= Commercial Advertisement Loudness Mitigation Act =

2010 United States legislation

The Commercial Advertisement Loudness Mitigation Act (/) (CALM Act) requires the U.S. Federal Communications Commission to bar the audio of TV commercials from being broadcast louder than the TV program material they accompany by requiring all "multichannel video programming" distributors to implement the "Techniques for Establishing and Maintaining Audio Loudness for Digital Television" issued by the international industry group Advanced Television Systems Committee. The final bill was passed on September 29, 2010.

No specific penalties are given; those are to be set by the FCC in its regulations. A TV broadcaster or distributor is "in compliance" if it installs and uses suitable equipment and software. Unlike some FCC regulations, cable system operators are subject to the rule in addition to broadcast stations.

After issuing regulations, the FCC began enforcing those regulations on December 13, 2012, after a one-year grace period.

==History==

The bill was the U.S. Senate companion to proposed legislation in the House of Representatives by Representative Anna Eshoo (D-CA), a member of the Energy and Commerce Committee. She said she was motivated to write the bill after a loud commercial interrupted conversation at a family dinner; when she turned to her brother-in-law, asking him to "do something" about the loud television, he replied, "Well, you're the congresswoman. Why don't you do something about it?". According to Eshoo, no one turned her down when she looked for supporters to the bill, and it passed the Communications Subcommittee. The technical requirements for measuring loudness were taken entirely from a formerly voluntary "recommended practice" issued by the Advanced Television Systems Committee (ATSC) on November 4, 2009. Eshoo told The Wall Street Journal that legislation to mitigate the volume of commercials on TV was among the most popular pieces of legislation she has sponsored in her 18 years in Congress.

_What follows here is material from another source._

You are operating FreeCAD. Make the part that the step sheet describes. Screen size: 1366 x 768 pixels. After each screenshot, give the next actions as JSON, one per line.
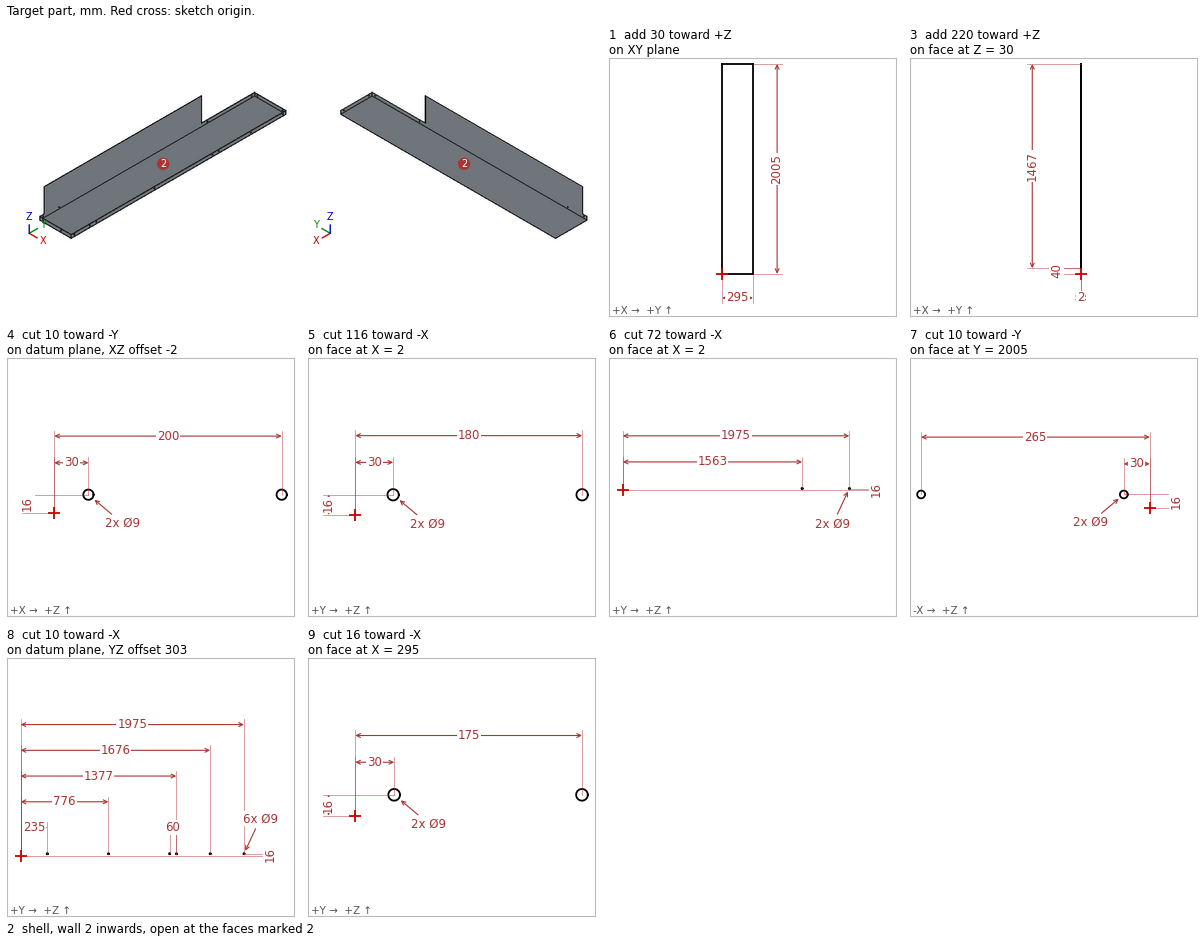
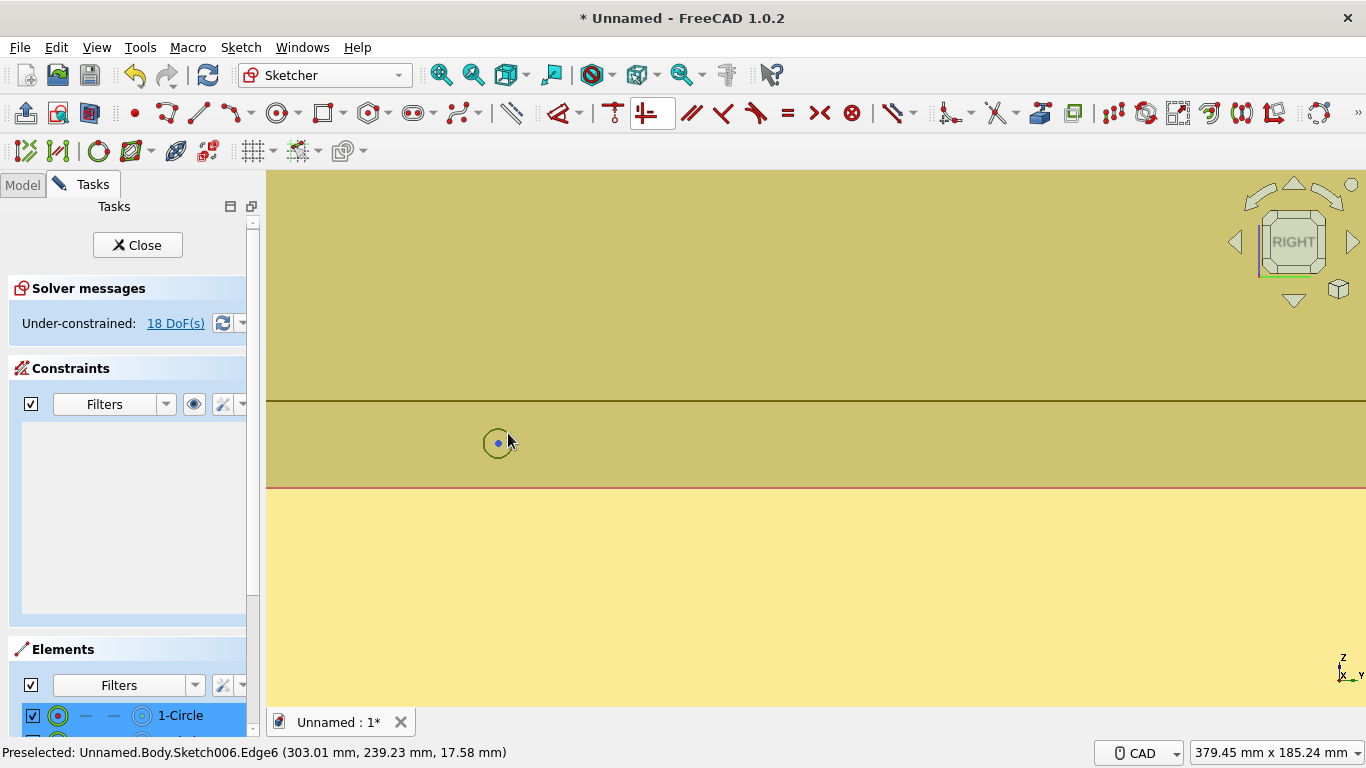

Prior to adjourning for the midterm recess, the United States Senate unanimously passed the bill on September 30, 2010. Before it was signed into law in December, minor differences between the two versions had to be worked out when Congress returned to Washington after the November 2 election. The reconciled bill was signed into law by President Barack Obama on December 15, 2010, as Public Law 111–311.

On May 27, 2011, the FCC released a Notice of Proposed Rulemaking (NPRM), Media Bureau (MB) Docket 11–93, to implement the CALM Act. Twelve parties filed comments, which are now available in the FCC's Electronic Comment Filing System (ECFS).

The FCC adopted its rules on December 13, 2011, and they took effect on December 13, 2012. Television viewers are asked to report loud commercials that violate this bill to the FCC.

However the act does not affect streaming, cable, and internet commercials, so loud commercials still occur in those mediums.